Thanks. I have uploaded the relevant files.

The last two test cases can sometimes pass.

Nice :slight_smile: . Where there any other changes in your environment that you think might have helped? Even with older release, would have expected most of the tests to pass.

regards,
Kannan

@bharat:

Posting relevant snippet from the reported log:

https://raw.githubusercontent.com/lumedar/YugaByteLog/master/MasterChangeConfigTest_TestNewLeaderWithPendingConfigLoadsSysCatalog.log

Have we seen this in the test runs?
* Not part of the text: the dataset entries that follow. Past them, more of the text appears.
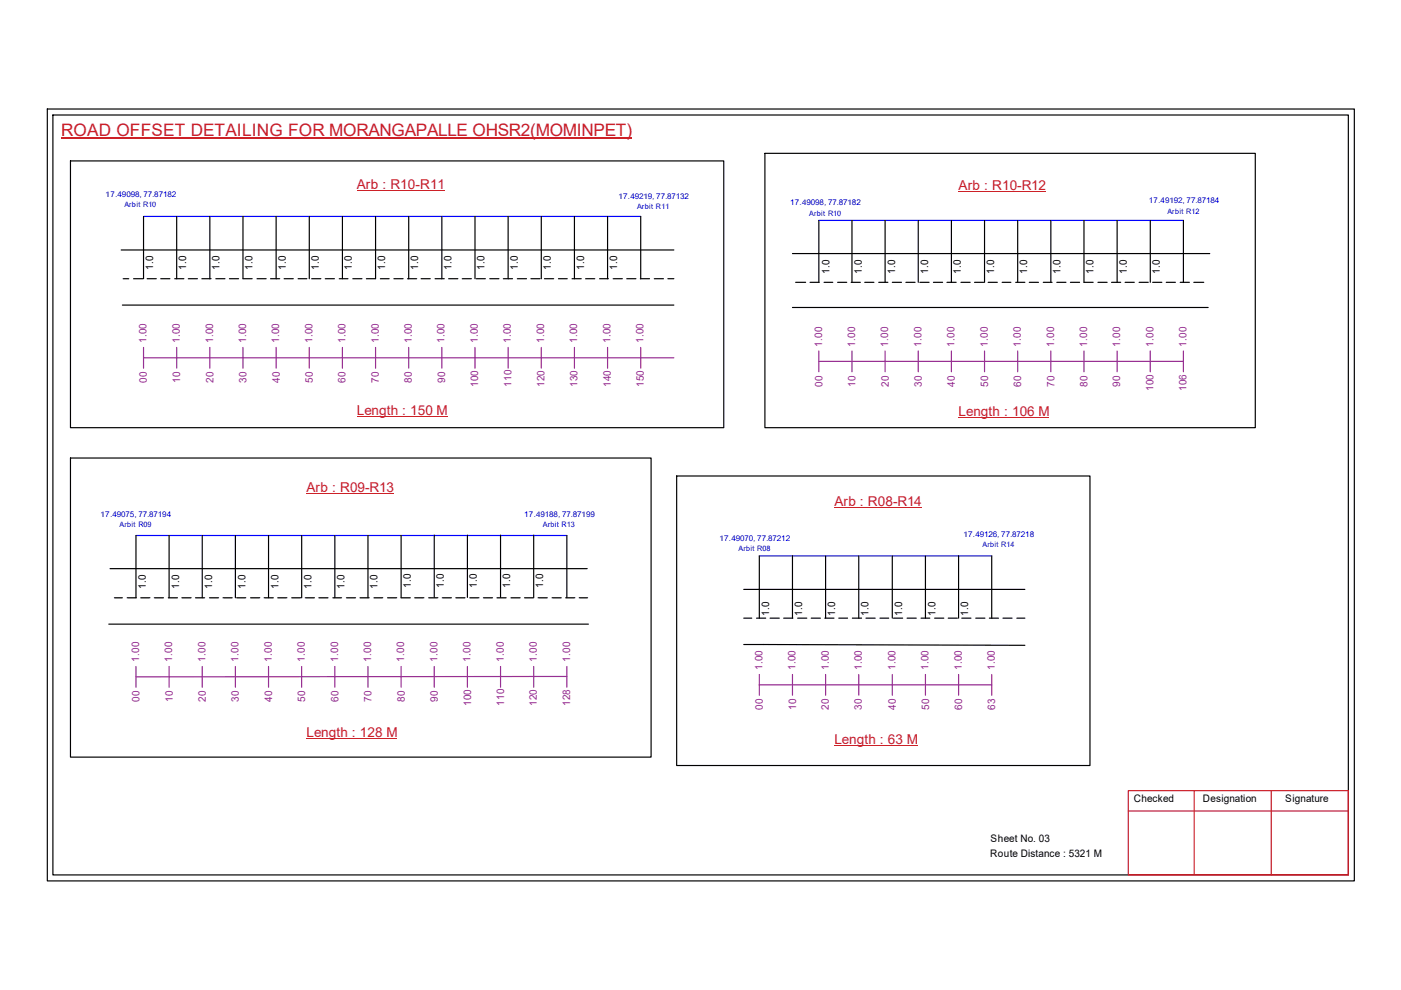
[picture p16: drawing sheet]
<svg xmlns="http://www.w3.org/2000/svg" width="297mm" height="210mm" viewBox="0 0 297 210" stroke-linecap="round" stroke-linejoin="round" font-family="sans-serif">
<defs><g id="words">
<text font-size="3.6" fill="#cd2027" x="13" y="28.9">ROAD OFFSET DETAILING FOR MORANGAPALLE OHSR2(MOMINPET)</text>
<g font-size="2.9" fill="#cd2027">
<text x="75.6" y="40.1">Arb : R10-R11</text>
<text x="203.2" y="40.2">Arb : R10-R12</text>
<text x="75.6" y="88">Length : 150 M</text>
<text x="203.2" y="88.2">Length : 106 M</text>
<text x="65" y="104.3">Arb : R09-R13</text>
<text x="176.9" y="107.3">Arb : R08-R14</text>
<text x="65" y="156.3">Length : 128 M</text>
<text x="176.9" y="157.6">Length : 63 M</text>
</g>
<g font-size="2.2">
<text x="32.5" y="57.2" transform="rotate(-90 32.5 57.2)">1.0</text>
<text x="39.5" y="57.2" transform="rotate(-90 39.5 57.2)">1.0</text>
<text x="46.5" y="57.2" transform="rotate(-90 46.5 57.2)">1.0</text>
<text x="53.5" y="57.2" transform="rotate(-90 53.5 57.2)">1.0</text>
<text x="60.6" y="57.2" transform="rotate(-90 60.6 57.2)">1.0</text>
<text x="67.6" y="57.2" transform="rotate(-90 67.6 57.2)">1.0</text>
<text x="74.6" y="57.2" transform="rotate(-90 74.6 57.2)">1.0</text>
<text x="81.7" y="57.2" transform="rotate(-90 81.7 57.2)">1.0</text>
<text x="88.7" y="57.2" transform="rotate(-90 88.7 57.2)">1.0</text>
<text x="95.7" y="57.2" transform="rotate(-90 95.7 57.2)">1.0</text>
<text x="102.7" y="57.2" transform="rotate(-90 102.7 57.2)">1.0</text>
<text x="109.8" y="57.2" transform="rotate(-90 109.8 57.2)">1.0</text>
<text x="116.8" y="57.2" transform="rotate(-90 116.8 57.2)">1.0</text>
<text x="123.8" y="57.2" transform="rotate(-90 123.8 57.2)">1.0</text>
<text x="130.8" y="57.2" transform="rotate(-90 130.8 57.2)">1.0</text>
<text x="175.9" y="58" transform="rotate(-90 175.9 58)">1.0</text>
<text x="182.7" y="58" transform="rotate(-90 182.7 58)">1.0</text>
<text x="189.8" y="58" transform="rotate(-90 189.8 58)">1.0</text>
<text x="196.8" y="58" transform="rotate(-90 196.8 58)">1.0</text>
<text x="203.7" y="58" transform="rotate(-90 203.7 58)">1.0</text>
<text x="210.8" y="58" transform="rotate(-90 210.8 58)">1.0</text>
<text x="217.8" y="58" transform="rotate(-90 217.8 58)">1.0</text>
<text x="224.8" y="58" transform="rotate(-90 224.8 58)">1.0</text>
<text x="231.9" y="58" transform="rotate(-90 231.9 58)">1.0</text>
<text x="238.9" y="58" transform="rotate(-90 238.9 58)">1.0</text>
<text x="245.9" y="58" transform="rotate(-90 245.9 58)">1.0</text>
<text x="30.9" y="124.8" transform="rotate(-90 30.9 124.8)">1.0</text>
<text x="38" y="124.8" transform="rotate(-90 38 124.8)">1.0</text>
<text x="45" y="124.8" transform="rotate(-90 45 124.8)">1.0</text>
<text x="52" y="124.8" transform="rotate(-90 52 124.8)">1.0</text>
<text x="59.1" y="124.8" transform="rotate(-90 59.1 124.8)">1.0</text>
<text x="66.1" y="124.8" transform="rotate(-90 66.1 124.8)">1.0</text>
<text x="73" y="124.8" transform="rotate(-90 73 124.8)">1.0</text>
<text x="80" y="124.8" transform="rotate(-90 80 124.8)">1.0</text>
<text x="87.1" y="124.7" transform="rotate(-90 87.1 124.7)">1.0</text>
<text x="94.1" y="124.7" transform="rotate(-90 94.1 124.7)">1.0</text>
<text x="101.1" y="124.7" transform="rotate(-90 101.1 124.7)">1.0</text>
<text x="108.2" y="124.7" transform="rotate(-90 108.2 124.7)">1.0</text>
<text x="115.2" y="124.7" transform="rotate(-90 115.2 124.7)">1.0</text>
<text x="163.1" y="130.6" transform="rotate(-90 163.1 130.6)">1.0</text>
<text x="170" y="130.6" transform="rotate(-90 170 130.6)">1.0</text>
<text x="177.1" y="130.6" transform="rotate(-90 177.1 130.6)">1.0</text>
<text x="184.1" y="130.6" transform="rotate(-90 184.1 130.6)">1.0</text>
<text x="191.3" y="130.6" transform="rotate(-90 191.3 130.6)">1.0</text>
<text x="198.3" y="130.6" transform="rotate(-90 198.3 130.6)">1.0</text>
<text x="205.3" y="130.6" transform="rotate(-90 205.3 130.6)">1.0</text>
<text x="240.4" y="170.1">Checked</text>
<text x="255.1" y="170.1">Designation</text>
<text x="272.5" y="170.1">Signature</text>
<text x="210" y="178.6">Sheet No. 03</text>
<text x="209.9" y="181.7">Route Distance : 5321 M</text>
</g>
<g font-size="2.2" fill="#93278f">
<text x="31" y="72.7" transform="rotate(-90 31 72.7)">1.00</text>
<text x="38.1" y="72.7" transform="rotate(-90 38.1 72.7)">1.00</text>
<text x="45.2" y="72.7" transform="rotate(-90 45.2 72.7)">1.00</text>
<text x="52.2" y="72.7" transform="rotate(-90 52.2 72.7)">1.00</text>
<text x="59.2" y="72.7" transform="rotate(-90 59.2 72.7)">1.00</text>
<text x="66.2" y="72.7" transform="rotate(-90 66.2 72.7)">1.00</text>
<text x="73.3" y="72.7" transform="rotate(-90 73.3 72.7)">1.00</text>
<text x="80.3" y="72.7" transform="rotate(-90 80.3 72.7)">1.00</text>
<text x="87.3" y="72.7" transform="rotate(-90 87.3 72.7)">1.00</text>
<text x="94.3" y="72.7" transform="rotate(-90 94.3 72.7)">1.00</text>
<text x="101.3" y="72.7" transform="rotate(-90 101.3 72.7)">1.00</text>
<text x="108.3" y="72.7" transform="rotate(-90 108.3 72.7)">1.00</text>
<text x="115.4" y="72.7" transform="rotate(-90 115.4 72.7)">1.00</text>
<text x="122.4" y="72.7" transform="rotate(-90 122.4 72.7)">1.00</text>
<text x="129.4" y="72.7" transform="rotate(-90 129.4 72.7)">1.00</text>
<text x="136.4" y="72.7" transform="rotate(-90 136.4 72.7)">1.00</text>
<text x="174.3" y="73.5" transform="rotate(-90 174.3 73.5)">1.00</text>
<text x="181.3" y="73.5" transform="rotate(-90 181.3 73.5)">1.00</text>
<text x="188.3" y="73.5" transform="rotate(-90 188.3 73.5)">1.00</text>
<text x="195.4" y="73.5" transform="rotate(-90 195.4 73.5)">1.00</text>
<text x="202.4" y="73.5" transform="rotate(-90 202.4 73.5)">1.00</text>
<text x="209.4" y="73.5" transform="rotate(-90 209.4 73.5)">1.00</text>
<text x="216.4" y="73.5" transform="rotate(-90 216.4 73.5)">1.00</text>
<text x="223.5" y="73.5" transform="rotate(-90 223.5 73.5)">1.00</text>
<text x="230.5" y="73.5" transform="rotate(-90 230.5 73.5)">1.00</text>
<text x="237.5" y="73.5" transform="rotate(-90 237.5 73.5)">1.00</text>
<text x="244.6" y="73.5" transform="rotate(-90 244.6 73.5)">1.00</text>
<text x="251.6" y="73.5" transform="rotate(-90 251.6 73.5)">1.00</text>
<text x="31.1" y="81.1" transform="rotate(-90 31.1 81.1)">00</text>
<text x="38.2" y="81.1" transform="rotate(-90 38.2 81.1)">10</text>
<text x="45.3" y="81.1" transform="rotate(-90 45.3 81.1)">20</text>
<text x="52.3" y="81.1" transform="rotate(-90 52.3 81.1)">30</text>
<text x="59.3" y="81.1" transform="rotate(-90 59.3 81.1)">40</text>
<text x="66.3" y="81.1" transform="rotate(-90 66.3 81.1)">50</text>
<text x="73.3" y="81.1" transform="rotate(-90 73.3 81.1)">60</text>
<text x="80.3" y="81.1" transform="rotate(-90 80.3 81.1)">70</text>
<text x="87.3" y="81.1" transform="rotate(-90 87.3 81.1)">80</text>
<text x="94.4" y="81.1" transform="rotate(-90 94.4 81.1)">90</text>
<text x="101.4" y="82.1" transform="rotate(-90 101.4 82.1)">100</text>
<text x="108.4" y="82.1" transform="rotate(-90 108.4 82.1)">110</text>
<text x="115.4" y="82.1" transform="rotate(-90 115.4 82.1)">120</text>
<text x="122.5" y="82.1" transform="rotate(-90 122.5 82.1)">130</text>
<text x="129.5" y="82.1" transform="rotate(-90 129.5 82.1)">140</text>
<text x="136.5" y="82.1" transform="rotate(-90 136.5 82.1)">150</text>
<text x="174.4" y="82" transform="rotate(-90 174.4 82)">00</text>
<text x="181.4" y="82" transform="rotate(-90 181.4 82)">10</text>
<text x="188.4" y="82" transform="rotate(-90 188.4 82)">20</text>
<text x="195.4" y="82" transform="rotate(-90 195.4 82)">30</text>
<text x="202.5" y="82" transform="rotate(-90 202.5 82)">40</text>
<text x="209.5" y="82" transform="rotate(-90 209.5 82)">50</text>
<text x="216.5" y="82" transform="rotate(-90 216.5 82)">60</text>
<text x="223.6" y="82" transform="rotate(-90 223.6 82)">70</text>
<text x="230.6" y="82" transform="rotate(-90 230.6 82)">80</text>
<text x="237.5" y="82" transform="rotate(-90 237.5 82)">90</text>
<text x="244.6" y="83" transform="rotate(-90 244.6 83)">100</text>
<text x="251.6" y="83" transform="rotate(-90 251.6 83)">106</text>
<text x="29.5" y="140.3" transform="rotate(-90 29.5 140.3)">1.00</text>
<text x="36.5" y="140.3" transform="rotate(-90 36.5 140.3)">1.00</text>
<text x="43.6" y="140.3" transform="rotate(-90 43.6 140.3)">1.00</text>
<text x="50.6" y="140.3" transform="rotate(-90 50.6 140.3)">1.00</text>
<text x="57.6" y="140.3" transform="rotate(-90 57.6 140.3)">1.00</text>
<text x="64.6" y="140.3" transform="rotate(-90 64.6 140.3)">1.00</text>
<text x="71.7" y="140.3" transform="rotate(-90 71.7 140.3)">1.00</text>
<text x="78.7" y="140.3" transform="rotate(-90 78.7 140.3)">1.00</text>
<text x="85.7" y="140.3" transform="rotate(-90 85.7 140.3)">1.00</text>
<text x="92.7" y="140.3" transform="rotate(-90 92.7 140.3)">1.00</text>
<text x="99.8" y="140.3" transform="rotate(-90 99.8 140.3)">1.00</text>
<text x="106.8" y="140.3" transform="rotate(-90 106.8 140.3)">1.00</text>
<text x="113.8" y="140.3" transform="rotate(-90 113.8 140.3)">1.00</text>
<text x="120.9" y="140.3" transform="rotate(-90 120.9 140.3)">1.00</text>
<text x="161.7" y="142.1" transform="rotate(-90 161.7 142.1)">1.00</text>
<text x="168.7" y="142.1" transform="rotate(-90 168.7 142.1)">1.00</text>
<text x="175.7" y="142.1" transform="rotate(-90 175.7 142.1)">1.00</text>
<text x="182.7" y="142.1" transform="rotate(-90 182.7 142.1)">1.00</text>
<text x="189.9" y="142.1" transform="rotate(-90 189.9 142.1)">1.00</text>
<text x="196.9" y="142.1" transform="rotate(-90 196.9 142.1)">1.00</text>
<text x="203.9" y="142.1" transform="rotate(-90 203.9 142.1)">1.00</text>
<text x="210.9" y="142.1" transform="rotate(-90 210.9 142.1)">1.00</text>
<text x="29.6" y="148.8" transform="rotate(-90 29.6 148.8)">00</text>
<text x="36.6" y="148.8" transform="rotate(-90 36.6 148.8)">10</text>
<text x="43.6" y="148.8" transform="rotate(-90 43.6 148.8)">20</text>
<text x="50.7" y="148.8" transform="rotate(-90 50.7 148.8)">30</text>
<text x="57.7" y="148.8" transform="rotate(-90 57.7 148.8)">40</text>
<text x="64.7" y="148.8" transform="rotate(-90 64.7 148.8)">50</text>
<text x="71.8" y="148.8" transform="rotate(-90 71.8 148.8)">60</text>
<text x="78.8" y="148.8" transform="rotate(-90 78.8 148.8)">70</text>
<text x="85.8" y="148.8" transform="rotate(-90 85.8 148.8)">80</text>
<text x="92.8" y="148.8" transform="rotate(-90 92.8 148.8)">90</text>
<text x="99.9" y="149.8" transform="rotate(-90 99.9 149.8)">100</text>
<text x="106.9" y="149.8" transform="rotate(-90 106.9 149.8)">110</text>
<text x="113.8" y="149.8" transform="rotate(-90 113.8 149.8)">120</text>
<text x="120.9" y="149.8" transform="rotate(-90 120.9 149.8)">128</text>
<text x="161.8" y="150.5" transform="rotate(-90 161.8 150.5)">00</text>
<text x="168.8" y="150.5" transform="rotate(-90 168.8 150.5)">10</text>
<text x="175.7" y="150.5" transform="rotate(-90 175.7 150.5)">20</text>
<text x="182.7" y="150.5" transform="rotate(-90 182.7 150.5)">30</text>
<text x="189.9" y="150.5" transform="rotate(-90 189.9 150.5)">40</text>
<text x="197" y="150.5" transform="rotate(-90 197 150.5)">50</text>
<text x="204" y="150.5" transform="rotate(-90 204 150.5)">60</text>
<text x="211" y="150.5" transform="rotate(-90 211 150.5)">63</text>
</g>
<g font-size="1.7" fill="#00f">
<text x="22.4" y="41.8">17.49098, 77.87182</text>
<text x="131.1" y="42.2">17.49219, 77.87132</text>
<text x="167.5" y="43.5">17.49098, 77.87182</text>
<text x="243.5" y="43.1">17.49192, 77.87184</text>
<text x="21.3" y="109.6">17.49075, 77.87194</text>
<text x="111.1" y="109.6">17.49188, 77.87199</text>
<text x="204.3" y="114">17.49126, 77.87218</text>
<text x="152.5" y="114.7">17.49070, 77.87212</text>
</g>
<g font-size="1.6" fill="#00f">
<text x="26.4" y="43.9">Arbit R10</text>
<text x="135.1" y="44.4">Arbit R11</text>
<text x="171.6" y="45.7">Arbit R10</text>
<text x="247.5" y="45.3">Arbit R12</text>
<text x="25.4" y="111.7">Arbit R09</text>
<text x="115.1" y="111.8">Arbit R13</text>
<text x="156.6" y="116.8">Arbit R08</text>
<text x="208.3" y="116.1">Arbit R14</text>
</g>
</g></defs>
<g fill="none" stroke="#000" stroke-width=".25">
<path d="M10 23.1h277.1v163.7h-277.1zM11.2 24.4h274.7v161.1h-274.7zM14.9 34.1h138.6v56.6h-138.6zM162.2 32.5h103.9v58.2h-103.9zM25.7 53h117.2M26.1 59.1h1.2M28.3 59.1h2M30.4 45.9v13.2M31.2 59.1h1.9M34.1 59.1h1.9M37 59.1h2M37.5 45.9v13.2"/>
<path d="M39.9 59.1h2M42.8 59.1h1.9M44.5 45.9v13.2M45.8 59.1h1.9M48.6 59.1h2M51.5 45.9v13.2h2M54.5 59.1h1.9M57.4 59.1h1.9M58.5 45.9v13.2M60.2 59.1h2M63.2 59.1h1.9M65.6 45.9v13.2"/>
<path d="M66.1 59.1h1.9M69 59.1h1.9M71.9 59.1h1.9M72.6 45.9v13.2M74.8 59.1h1.9M79.6 45.9v13.2h-1.9M80.6 59.1h1.9M83.5 59.1h2M86.4 59.1h1.9M86.7 45.9v13.2M89.3 59.1h1.9M92.2 59.1h2"/>
<path d="M93.7 45.9v13.2M95.1 59.1h2M98 59.1h1.9M100.7 45.9v13.2M101 59.1h1.9M103.8 59.1h2M106.7 59.1h2M107.7 45.9v13.2M109.7 59.1h1.9M112.6 59.1h1.9M114.8 45.9v13.2M115.4 59.1h2"/>
<path d="M118.4 59.1h1.9M121.3 59.1h1.9M121.8 45.9v13.2M124.2 59.1h1.9M127.1 59.1h1.9M128.8 45.9v13.2M130 59.1h1.9M132.9 59.1h1.9M135.8 59.1h1.9M135.8 45.9v13.2M138.7 59.1h2M141.6 59.1h1.3"/>
<path d="M168 53.8h88.5M168.7 59.9h2.1M171.7 59.9h2M173.6 46.7v13.2M174.7 59.9h1.9M177.6 59.9h1.9M180.5 59.9h1.9M180.6 46.7v13.2M183.3 59.9h2M186.3 59.9h2M187.7 46.7v13.2M189.2 59.9h1.9"/>
<path d="M192.1 59.9h1.9M194.7 46.7v13.2M195 59.9h2M197.9 59.9h2M200.8 59.9h1.9M201.7 46.7v13.2M203.7 59.9h2M206.6 59.9h2M208.7 46.7v13.2M209.5 59.9h2M212.5 59.9h1.8M215.3 59.9h2"/>
<path d="M215.8 46.7v13.2M218.2 59.9h2M221.2 59.9h1.9M222.8 46.7v13.2M224.1 59.9h1.9M226.9 59.9h2M229.8 46.7v13.2h2M232.8 59.9h1.9M235.7 59.9h1.9M236.9 46.7v13.2M238.5 59.9h2M241.5 59.9h2"/>
<path d="M243.9 46.7v13.2M244.4 59.9h1.9M247.3 59.9h1.9M250.2 59.9h2M250.9 46.7v13.2M253.1 59.9h2.1M25.9 64.7h117M168 65.2h88.2M14.9 97.1h123.1v63.4h-123.1zM28.8 113.5v13.2M35.9 113.5v13.2M42.9 113.5v13.2"/>
<path d="M49.9 113.5v13.2M56.9 113.5v13.2M64 113.5v13.2M71 113.5v13.2M78 113.5v13.2M85 113.5v13.2h2M92.1 113.5v13.2M99.1 113.5v13.2M106.1 113.5v13.2M113.2 113.5v13.2M120.2 113.5v13.2M143.5 100.9h87.6v61.4h-87.6z"/>
<path d="M161 117.9v13.2M168 117.9v13.2M175 117.9v13.2M182.1 117.9v13.2M189.2 117.9v13.2M196.2 117.9v13.2M203.2 117.9v13.2M210.3 117.9v13.2M23.1 132.3h101.7M23.3 120.6h101.2M24.3 126.7h1.6M27 126.7h1.9"/>
<path d="M29.8 126.7h2M32.7 126.7h2M35.7 126.7h1.9M38.6 126.7h1.9M41.4 126.7h2M44.4 126.7h2M47.3 126.7h1.9M50.2 126.7h1.9M53.1 126.7h2M56 126.7h2M58.9 126.7h1.9M61.8 126.7h2"/>
<path d="M64.7 126.7h2M67.6 126.7h2M70.6 126.7h1.8M73.4 126.7h2M76.3 126.7h2M79.3 126.7h1.8M82.2 126.7h1.9M87.9 126.7h2M90.9 126.7h1.9M93.8 126.7h1.9M96.6 126.7h2M99.6 126.7h2"/>
<path d="M102.5 126.7h1.9M105.4 126.7h1.9M108.3 126.7h2M111.2 126.7h2M114.1 126.7h1.9M117 126.7h2M119.9 126.7h2M122.8 126.7h1.8M157.7 136.7l59.6 .1M157.7 131.1h1.7M157.7 125h59.6M160.4 131.1h1.9"/>
<path d="M163.3 131.1h1.9M166.2 131.1h1.9M169.1 131.1h2M172 131.1h1.9M174.9 131.1h1.9M177.8 131.1h1.9M180.7 131.1h2M183.6 131.1h1.9M186.6 131.1h1.8M189.4 131.1h2M192.3 131.1h2M195.3 131.1h1.8"/>
<path d="M198.2 131.1h1.9M201 131.1h2M203.9 131.1h2M206.9 131.1h1.9M209.8 131.1h1.9M212.6 131.1h2M215.6 131.1h1.7"/>
</g>
<path d="M239.2 167.6h46.7v17.9h-46.7zM239.2 172h46.7M253.2 167.6v17.9M269.5 167.6v17.9" fill="none" stroke="#cc1f26" stroke-width=".25"/>
<path d="M13 29.3h121" fill="none" stroke="#cd2027" stroke-width=".25"/>
<path d="M30.4 45.9h105.4M173.6 46.7h77.3M28.8 113.5h91.4M161 117.9h49.3" fill="none" stroke="#00f" stroke-width=".25"/>
<g fill="none" stroke="#93278f" stroke-width=".25">
<path d="M30.4 75.9h112.5M30.4 73.7v4.4M37.5 73.7v4.4M44.5 73.7v4.4M51.5 73.7v4.4M58.5 73.7v4.4M65.6 73.7v4.4M72.6 73.7v4.4M79.6 73.7v4.4M86.7 73.7v4.4M93.7 73.7v4.4M100.7 73.7v4.4"/>
<path d="M107.7 73.7v4.4M114.8 73.7v4.4M121.8 73.7v4.4M128.8 73.7v4.4M135.8 73.7v4.4M173.6 76.6h77.3M173.6 74.4v4.4M180.6 74.4v4.4M187.7 74.4v4.4M194.7 74.4v4.4M201.7 74.4v4.4M208.7 74.4v4.4"/>
<path d="M215.8 74.4v4.4M222.8 74.4v4.4M229.8 74.4v4.4M236.9 74.4v4.4M243.9 74.4v4.4M250.9 74.4v4.4M28.8 141.3v4.4M35.9 141.3v4.4M42.9 141.3v4.4M49.9 141.3v4.4M56.9 141.3v4.4M64 141.3v4.4"/>
<path d="M71 141.3v4.4M78 141.3v4.4M85 141.3v4.4M92.1 141.3v4.4M99.1 141.3v4.4M106.1 141.3v4.4M113.2 141.3v4.4M120.2 143.4l-91.4 .1M120.2 141.3v4.4M161 145.2h49.3M161 143v4.4M168 143v4.4"/>
<path d="M175 143v4.4M182.1 143v4.4M189.2 143v4.4M196.2 143v4.4M203.2 143v4.4M210.3 143v4.4"/>
</g>
<path d="M75.6 40.5h18.7M203.2 40.6h18.5M75.6 88.3h19.3M203.2 88.6h19.3M65 104.6h18.4M176.9 107.6h18.5M65 156.6h19.2M176.9 158h17.6" fill="none" stroke="#cd2027" stroke-width=".21"/>
<use href="#words"/>
</svg>

Could this be related to increasing the default number of missed heartbeats when a leader election is triggered?

[m-2] I0322 13:36:58.571132 15390 raft_consensus.cc:436] Election start skipped as do_not_start_election_test_only flag is set to true.
I0322 13:36:58.572062 13480 external_mini_cluster.cc:1005] GetLeaderMasterIndex@100 hit error: Timed out (yb/rpc/rpc.cc:166): GetLeaderMasterRpc(addrs: 127.0.0.1:27222,127.0.0.1:26801,127.0.0.1:23935,127.0.0.1:18567, num_attempts: 99) passed its deadline 15599955.996s (now: 15599956.081s)
W0322 13:36:58.572082 13480 external_mini_cluster.cc:1007] Failed to get leader master after 100 attempts, returning the first master.
I0322 13:36:58.572091 13480 master_config-itest.cc:347] New leader 127.0.0.1:27222
/home/donghq/jinlespace/yugabyte-db/src/yb/integration-tests/master_config-itest.cc:348: Failure
Expected: new_master->bound_rpc_addr().port()
Which is: 18567
To be equal to: new_leader->bound_rpc_addr().port()
Which is: 27222

We also see this particular error in our internal CI environment. Opened a GitHub issue: LinkedListTest.TestLoadWhileOneServerDownAndVerify fails sometimes with "Failure: IO error (yb/client/batcher.cc:189): Some errors occurred" · Issue #120 · yugabyte/yugabyte-db · GitHub

  1. No removing the “-Werror” flags
  2. Using YugaByte/linuxbrew instead of devtoolset-6
  3. Using the latest release branch
    The above three changes may help to pass more tests.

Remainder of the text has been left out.